The X from Outer Space is available on The Criterion Channel.

Tuesday, August 25, 2020

Whatever You Wish For You Keep

Be good to the little birds and mice and in time you may be Queen. Such is the wisdom one may glean from Disney's 1950 animated feature, Cinderella, the studio's first feature length animated story since 1942's Bambi. Beautifully designed and brilliantly animated, the ancient folk tale is reworked to be a commentary on managerial philosophy, a curious tack for Disney to take considering the film follows the aftermath of the 1941 animator's strike which was in part responsible for the studio's sole reliance on an anthology format for its features between 1942 and 1950. The film also marks the introduction of the second of the Disney Princesses, a full thirteen years after the first one was introduced in Snow White. The wise, strong willed authority represented by Cinderella is also a marked shift from the guileless maiden from the 30s.

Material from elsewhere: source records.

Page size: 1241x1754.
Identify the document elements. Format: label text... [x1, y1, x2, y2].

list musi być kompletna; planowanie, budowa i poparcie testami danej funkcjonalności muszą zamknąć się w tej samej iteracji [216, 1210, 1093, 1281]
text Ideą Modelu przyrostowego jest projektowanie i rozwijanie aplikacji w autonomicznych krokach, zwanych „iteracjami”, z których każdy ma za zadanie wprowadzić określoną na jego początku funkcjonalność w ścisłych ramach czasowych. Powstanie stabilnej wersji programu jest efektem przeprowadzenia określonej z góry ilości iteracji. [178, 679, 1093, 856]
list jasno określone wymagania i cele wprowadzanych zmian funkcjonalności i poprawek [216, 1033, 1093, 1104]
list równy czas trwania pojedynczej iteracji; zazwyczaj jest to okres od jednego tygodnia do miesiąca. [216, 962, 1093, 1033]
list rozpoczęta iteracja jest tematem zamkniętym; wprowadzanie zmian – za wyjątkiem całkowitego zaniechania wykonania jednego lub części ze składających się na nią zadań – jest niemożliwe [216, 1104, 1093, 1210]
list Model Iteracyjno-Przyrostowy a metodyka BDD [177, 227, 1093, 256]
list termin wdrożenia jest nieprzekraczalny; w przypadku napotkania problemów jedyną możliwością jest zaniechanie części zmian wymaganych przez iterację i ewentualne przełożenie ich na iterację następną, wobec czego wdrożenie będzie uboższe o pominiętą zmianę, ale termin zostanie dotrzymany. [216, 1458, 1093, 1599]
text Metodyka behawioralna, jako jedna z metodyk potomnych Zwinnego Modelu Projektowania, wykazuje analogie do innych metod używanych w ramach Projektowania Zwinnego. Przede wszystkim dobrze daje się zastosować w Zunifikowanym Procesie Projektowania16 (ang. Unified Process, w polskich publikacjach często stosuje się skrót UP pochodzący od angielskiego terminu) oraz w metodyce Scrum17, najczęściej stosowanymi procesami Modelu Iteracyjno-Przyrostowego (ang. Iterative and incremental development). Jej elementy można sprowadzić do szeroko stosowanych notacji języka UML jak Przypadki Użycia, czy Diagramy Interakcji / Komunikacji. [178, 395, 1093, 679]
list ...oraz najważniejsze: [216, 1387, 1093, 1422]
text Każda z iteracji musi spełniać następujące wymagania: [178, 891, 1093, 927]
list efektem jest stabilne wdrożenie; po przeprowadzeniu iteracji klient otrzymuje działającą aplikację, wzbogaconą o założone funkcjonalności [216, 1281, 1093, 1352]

Like both Snow White and Sleeping Beauty, a lot more time is spent on the antics of the princess' supporters than on the activities of the princess herself. In this case, a series of brilliant segments involve that classic scenario of the cat versus mice. The cat is given the name of Lucifer, a rather potent predictor of his lot in life, and his nemeses are the mice Jaq and Gus (both voiced by Jimmy MacDonald). Whether trying to gather corn seeds or attempting to rob Cinderella's stepsisters, the mice contrive strategies to stay one step ahead of feline jaws. But the actions of the mice are dictated by their love for Cinderella (Ilene Woods). One of the first things we see her do is induct a new member into her community of followers, Gus, by rescuing him from a trap, giving him a name, and putting clothes on him.

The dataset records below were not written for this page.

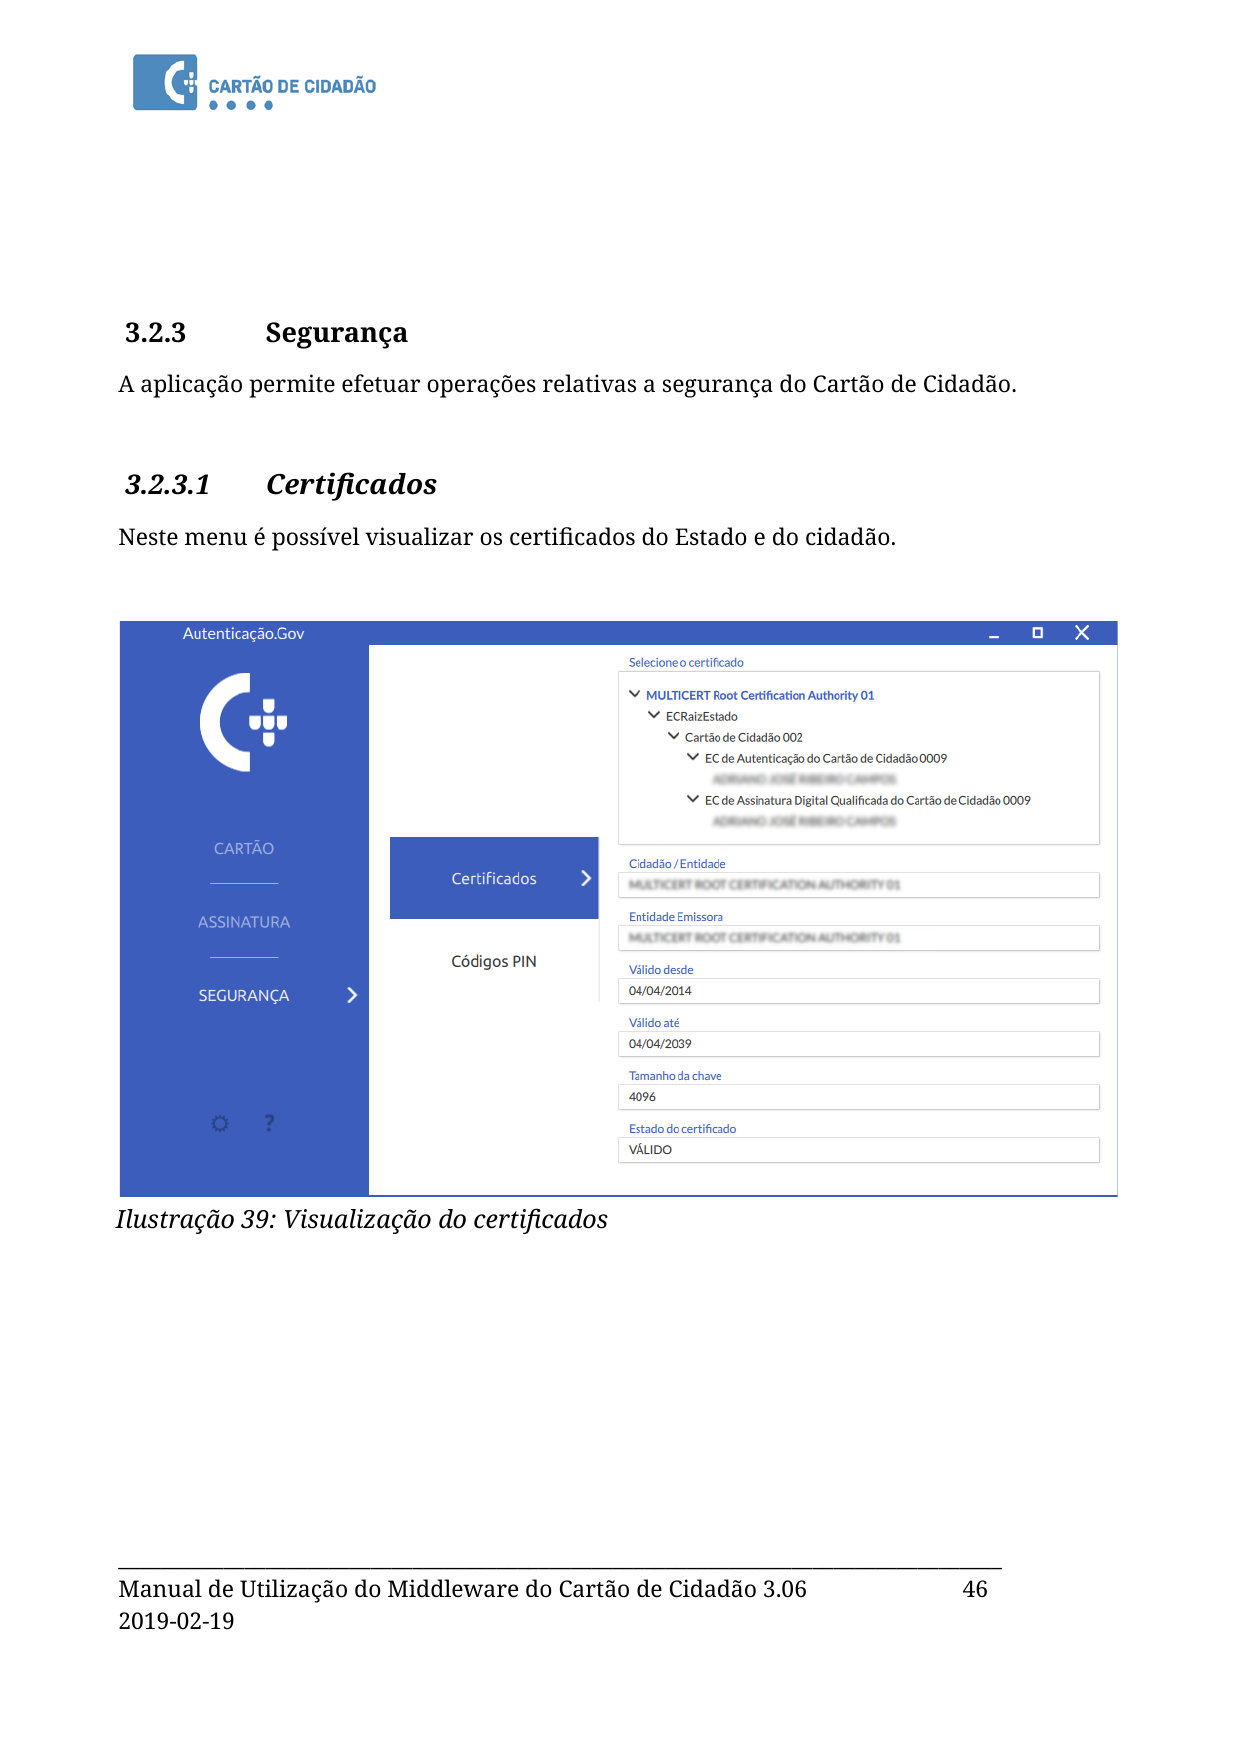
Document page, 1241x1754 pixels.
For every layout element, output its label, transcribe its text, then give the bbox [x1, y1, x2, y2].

text A aplicação permite efetuar operações relativas a segurança do Cartão de Cidadão. [118, 368, 1122, 399]
picture [130, 47, 423, 118]
picture [119, 621, 1118, 1197]
text Ilustração 39: Visualização do certificados [116, 1197, 1122, 1236]
text Neste menu é possível visualizar os certificados do Estado e do cidadão. [118, 521, 1122, 552]
subtitle Segurança [118, 313, 1122, 350]
subtitle Certificados [118, 465, 1122, 503]

He's terrified of her at first, of course, but Cinderella has Jaq "explain" things to him. She doesn't ask if he wants a name and clothes and he seems to accept them out of purely good nature or perhaps gratitude for his rescue. Or perhaps he's a little in awe of her. Cinderella is clearly comfortable in her role as a leader. We also, in a marked departure from the affable Snow White, see her actually complain about the treatment she receives from her stepmother (Eleanor Audley).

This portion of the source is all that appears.